As featured on p. 218 of "Bloggers on the Bus," under the name "a MyDD blogger."

Saturday, August 22, 2009

Fighting Baucus And Grassley From Within

The only way you can really get to a Max Baucus or a Charles Grassley is by threatening their job security. In particular, Grassley is up for re-election next year, in a state that went for Barack Obama by a fairly hefty margin. If I didn't know better, I'd say that Rep. Bruce Braley, chair of the Populist Caucus in the House, is setting himself up for a challenge to him.

Grassley used scare tactics last week at a town hall meeting in Iowa to convince voters that optional coverage for end-of-life counseling in the House health care reform bill would force people to "pull the plug on grandma" (even though he supported a nearly identical end-of-life counseling provision in a 2003). Earlier this week, Grassley told reporters that even if a health care plan included the changes he's been pushing for, he likely wouldn't support it if it didn't attract the support of more than a few of his GOP colleagues. Today, the Washington Post reported that Senator Grassley has begun calling for "scaled back" health care reform.

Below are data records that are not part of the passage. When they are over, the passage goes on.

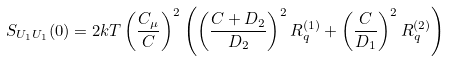<formula> <loc_0><loc_0><loc_500><loc_500>S _ { U _ { 1 } U _ { 1 } } ( 0 ) = 2 k T \left ( \frac { C _ { \mu } } { C } \right ) ^ { 2 } \left ( \left ( \frac { C + D _ { 2 } } { D _ { 2 } } \right ) ^ { 2 } R ^ { ( 1 ) } _ { q } + \left ( \frac { C } { D _ { 1 } } \right ) ^ { 2 } R ^ { ( 2 ) } _ { q } \right )</formula> 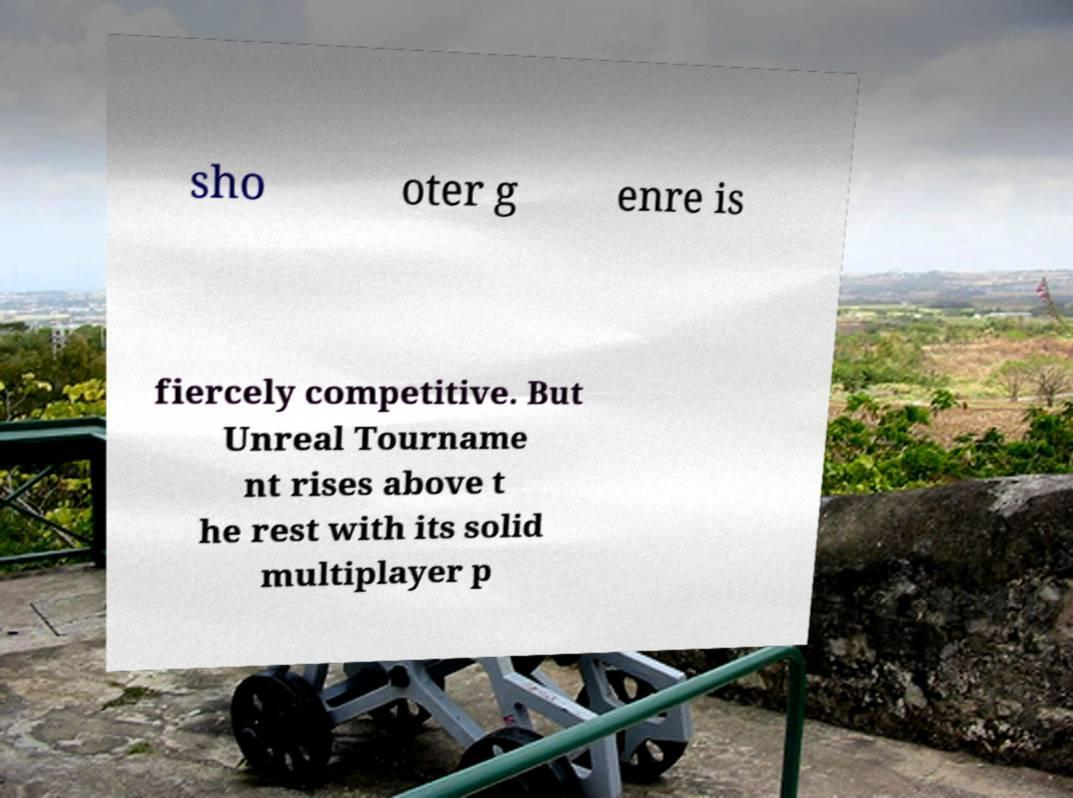I need the written content from this picture converted into text. Can you do that? sho oter g enre is fiercely competitive. But Unreal Tourname nt rises above t he rest with its solid multiplayer p 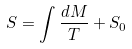Convert formula to latex. <formula><loc_0><loc_0><loc_500><loc_500>S = \int \frac { d M } { T } + S _ { 0 }</formula> 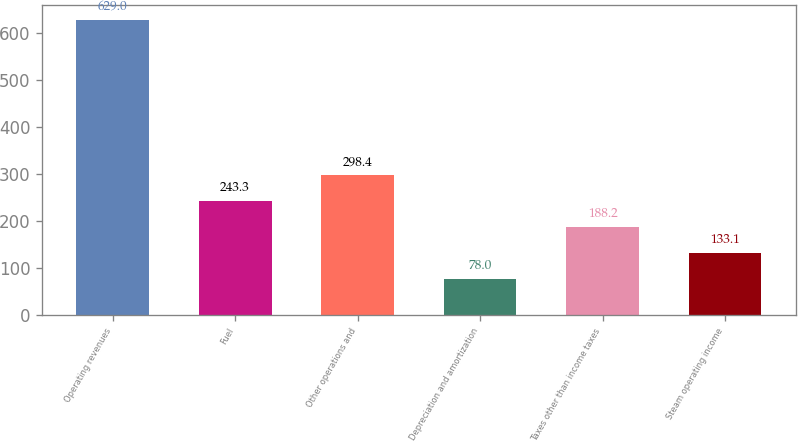Convert chart to OTSL. <chart><loc_0><loc_0><loc_500><loc_500><bar_chart><fcel>Operating revenues<fcel>Fuel<fcel>Other operations and<fcel>Depreciation and amortization<fcel>Taxes other than income taxes<fcel>Steam operating income<nl><fcel>629<fcel>243.3<fcel>298.4<fcel>78<fcel>188.2<fcel>133.1<nl></chart> 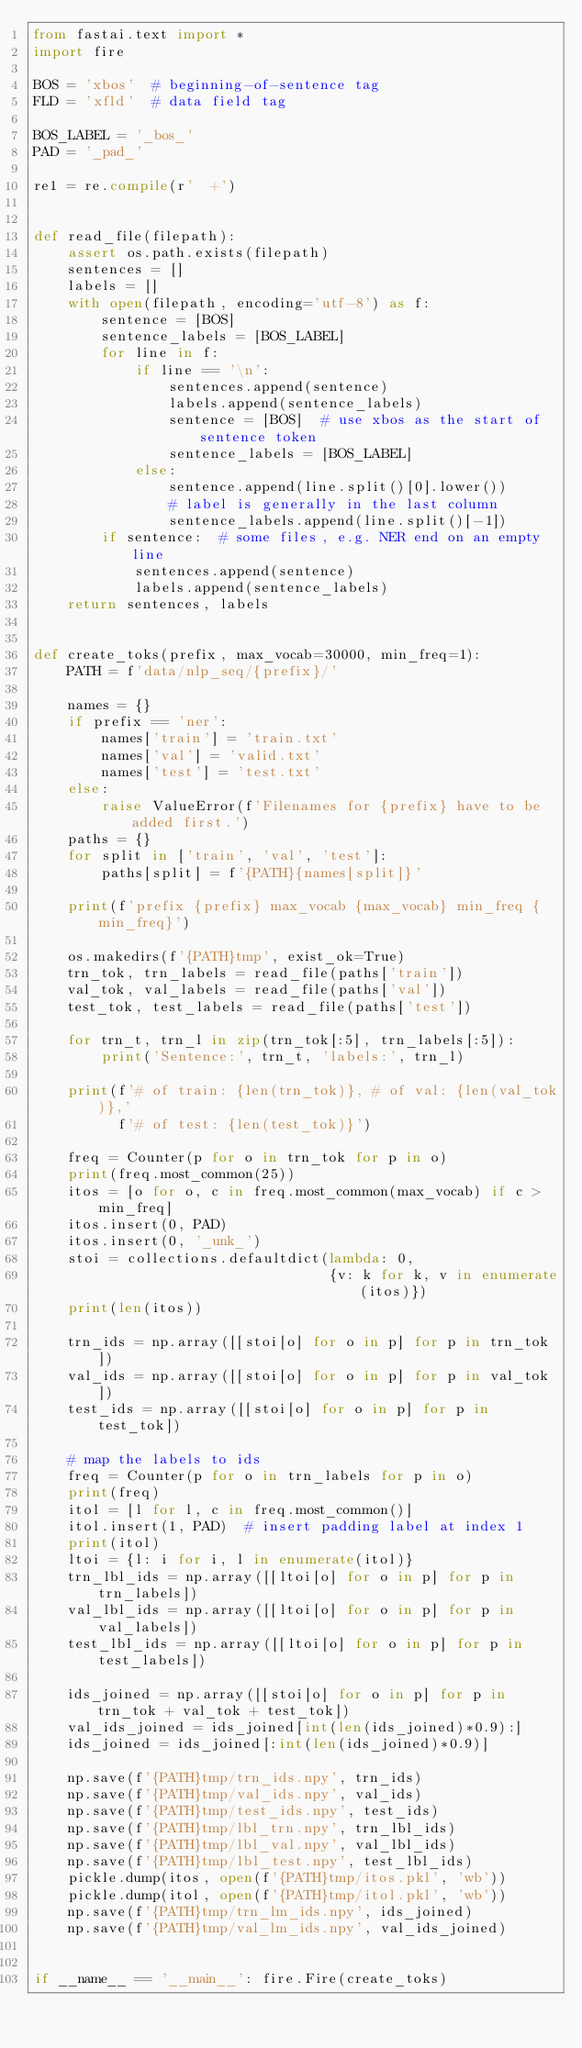<code> <loc_0><loc_0><loc_500><loc_500><_Python_>from fastai.text import *
import fire

BOS = 'xbos'  # beginning-of-sentence tag
FLD = 'xfld'  # data field tag

BOS_LABEL = '_bos_'
PAD = '_pad_'

re1 = re.compile(r'  +')


def read_file(filepath):
    assert os.path.exists(filepath)
    sentences = []
    labels = []
    with open(filepath, encoding='utf-8') as f:
        sentence = [BOS]
        sentence_labels = [BOS_LABEL]
        for line in f:
            if line == '\n':
                sentences.append(sentence)
                labels.append(sentence_labels)
                sentence = [BOS]  # use xbos as the start of sentence token
                sentence_labels = [BOS_LABEL]
            else:
                sentence.append(line.split()[0].lower())
                # label is generally in the last column
                sentence_labels.append(line.split()[-1])
        if sentence:  # some files, e.g. NER end on an empty line
            sentences.append(sentence)
            labels.append(sentence_labels)
    return sentences, labels


def create_toks(prefix, max_vocab=30000, min_freq=1):
    PATH = f'data/nlp_seq/{prefix}/'

    names = {}
    if prefix == 'ner':
        names['train'] = 'train.txt'
        names['val'] = 'valid.txt'
        names['test'] = 'test.txt'
    else:
        raise ValueError(f'Filenames for {prefix} have to be added first.')
    paths = {}
    for split in ['train', 'val', 'test']:
        paths[split] = f'{PATH}{names[split]}'

    print(f'prefix {prefix} max_vocab {max_vocab} min_freq {min_freq}')

    os.makedirs(f'{PATH}tmp', exist_ok=True)
    trn_tok, trn_labels = read_file(paths['train'])
    val_tok, val_labels = read_file(paths['val'])
    test_tok, test_labels = read_file(paths['test'])

    for trn_t, trn_l in zip(trn_tok[:5], trn_labels[:5]):
        print('Sentence:', trn_t, 'labels:', trn_l)

    print(f'# of train: {len(trn_tok)}, # of val: {len(val_tok)},'
          f'# of test: {len(test_tok)}')

    freq = Counter(p for o in trn_tok for p in o)
    print(freq.most_common(25))
    itos = [o for o, c in freq.most_common(max_vocab) if c > min_freq]
    itos.insert(0, PAD)
    itos.insert(0, '_unk_')
    stoi = collections.defaultdict(lambda: 0,
                                   {v: k for k, v in enumerate(itos)})
    print(len(itos))

    trn_ids = np.array([[stoi[o] for o in p] for p in trn_tok])
    val_ids = np.array([[stoi[o] for o in p] for p in val_tok])
    test_ids = np.array([[stoi[o] for o in p] for p in test_tok])

    # map the labels to ids
    freq = Counter(p for o in trn_labels for p in o)
    print(freq)
    itol = [l for l, c in freq.most_common()]
    itol.insert(1, PAD)  # insert padding label at index 1
    print(itol)
    ltoi = {l: i for i, l in enumerate(itol)}
    trn_lbl_ids = np.array([[ltoi[o] for o in p] for p in trn_labels])
    val_lbl_ids = np.array([[ltoi[o] for o in p] for p in val_labels])
    test_lbl_ids = np.array([[ltoi[o] for o in p] for p in test_labels])

    ids_joined = np.array([[stoi[o] for o in p] for p in trn_tok + val_tok + test_tok])
    val_ids_joined = ids_joined[int(len(ids_joined)*0.9):]
    ids_joined = ids_joined[:int(len(ids_joined)*0.9)]

    np.save(f'{PATH}tmp/trn_ids.npy', trn_ids)
    np.save(f'{PATH}tmp/val_ids.npy', val_ids)
    np.save(f'{PATH}tmp/test_ids.npy', test_ids)
    np.save(f'{PATH}tmp/lbl_trn.npy', trn_lbl_ids)
    np.save(f'{PATH}tmp/lbl_val.npy', val_lbl_ids)
    np.save(f'{PATH}tmp/lbl_test.npy', test_lbl_ids)
    pickle.dump(itos, open(f'{PATH}tmp/itos.pkl', 'wb'))
    pickle.dump(itol, open(f'{PATH}tmp/itol.pkl', 'wb'))
    np.save(f'{PATH}tmp/trn_lm_ids.npy', ids_joined)
    np.save(f'{PATH}tmp/val_lm_ids.npy', val_ids_joined)


if __name__ == '__main__': fire.Fire(create_toks)
</code>

For someone who claims he wants to help forge a bipartisan health care plan, Senator Grassley sure isn't acting very bipartisan. In fact, he's been behaving like someone who wants to see meaningful health care reform defeated [...]

Senator Grassley is in a stronger position than just about anyone to bring Republicans on board with Democrats to achieve the health care reform we need. But when he uses the same rhetoric as pundits advising Republicans to "just kill it" and a Republican Senator who wants to make health care President Obama's "Waterloo," why would the President or Senator Baucus think he is their ally in achieving meaningful health care reform?

Sadly, it appears that Senator Grassley has decided to put his party before what's best for the people of this country.

The Des Moines Register has already floated the rumor about a "mystery" Democratic candidate willing to take on Grassley. Braley has certainly become more vocal in his criticisms. And the fact that Grassley immediately released a statement attacking Braley shows that he is sensitive to this rumor. I don't know if an announced challenge would put Grassley on the defensive, but it sure couldn't hurt.

As for Baucus, he doesn't come back up for re-election until 2014. But Montanans are split on his actions on health care to this point. 42% approve and 44% disapprove. Baucus has previously been fairly popular in the state, now a public option is more popular than he is, and if he helps to kill a health care reform bill, his numbers will plummet. The Montana Democratic Party is trying to cover for Baucus by sending around the Paul Begala article telling Democrats to accept half a loaf, but based on the polling, that's not working.

I'm not certain either of these two arrogant members of the House of Lords are reachable, but the road to reaching them runs through their home states.